Azure VMs stuck at status unknown or updating (solution)

Steel Contributor

Hi all,

 

I want to share this action plan.


Issue after deallocating Azure VMs:

- Azure Portal: VMs status is "Unknown"

- PowerShell: VMs ProvisioningState is "Updating"

 

Cause:

The VMs are stuck because of an issue with the deallocation process.

 

Resolution:

Please raise a ticket with Azure support to get the VMs locked.

 

Update 05/18/2023

The Azure PG will fix the code to avoid these failures in the future. They said:

"When there are multiple thread updating the same internal resource, the code take a lock to avoid saving conflict, one of the code paths fail to release the lock in one specific partition where this customer’s data lives, it make consequently update for same resource return a retry error, we fix the code by ensuring the lock is released”. 

 

1 Reply
Hello @MathieuVandenHautte 1. Verify the Azure Service Health: Check the Azure Service Health dashboard or the Azure status page to see if there are any ongoing service issues or outages that could be affecting the VMs' status. If there are any known issues, wait for the resolution before proceeding. 2. Check the VM Diagnostics: Use Azure Monitor or Azure Diagnostics extension to gather diagnostic information about the VMs. Check the logs and metrics to identify any specific errors or issues that could be causing the VMs to be stuck in an unknown or updating state. 3. Restart the VMs: Try restarting the VMs from the Azure Portal or using PowerShell commands. This can help refresh the VM's state and resolve any temporary issues.
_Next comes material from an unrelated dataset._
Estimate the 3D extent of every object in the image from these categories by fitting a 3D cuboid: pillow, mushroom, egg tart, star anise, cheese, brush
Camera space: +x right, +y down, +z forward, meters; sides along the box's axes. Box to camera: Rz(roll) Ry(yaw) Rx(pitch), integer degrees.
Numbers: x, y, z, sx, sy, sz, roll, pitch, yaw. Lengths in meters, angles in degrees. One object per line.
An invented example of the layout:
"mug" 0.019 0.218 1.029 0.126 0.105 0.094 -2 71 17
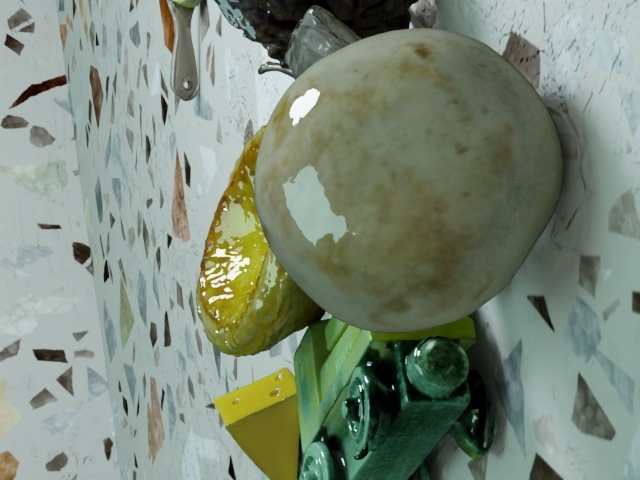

Wait for a few minutes to see if the VMs' status changes to running or another appropriate state. 4. Review the VM Extensions: If you have any VM extensions installed, such as custom script extensions or Azure monitoring extensions, check if they are causing any conflicts or errors. Temporarily disable or remove the extensions, restart the VMs, and observe if the status updates correctly. 5. Check the Virtual Machine Scale Sets (VMSS) (if applicable): If the VMs are part of a VMSS, review the scale set configuration, including the health probes, load balancer settings, and autoscale rules. Ensure that the scale set configuration is correct and not causing any issues with the VMs' status. 6. Reimage or Redeploy the VMs: If the above steps don't resolve the issue, consider re-imaging or redeploying the VMs. Reimaging the VM will retain the OS disk and reinstall the OS, while redeploying will recreate the VM instance with a new underlying host. Be cautious as this may result in downtime, data loss, or configuration changes. Make sure to take proper backups before performing these actions. 7. Contact Azure Support: If none of the above steps resolve the issue, contact Azure Support for further assistance. Provide them with the details of the issue, the troubleshooting steps you have already taken, and any relevant diagnostic information you have gathered. Remember to always exercise caution when making changes to your VMs and ensure you have backups or snapshots of critical data before performing any potentially disruptive actions.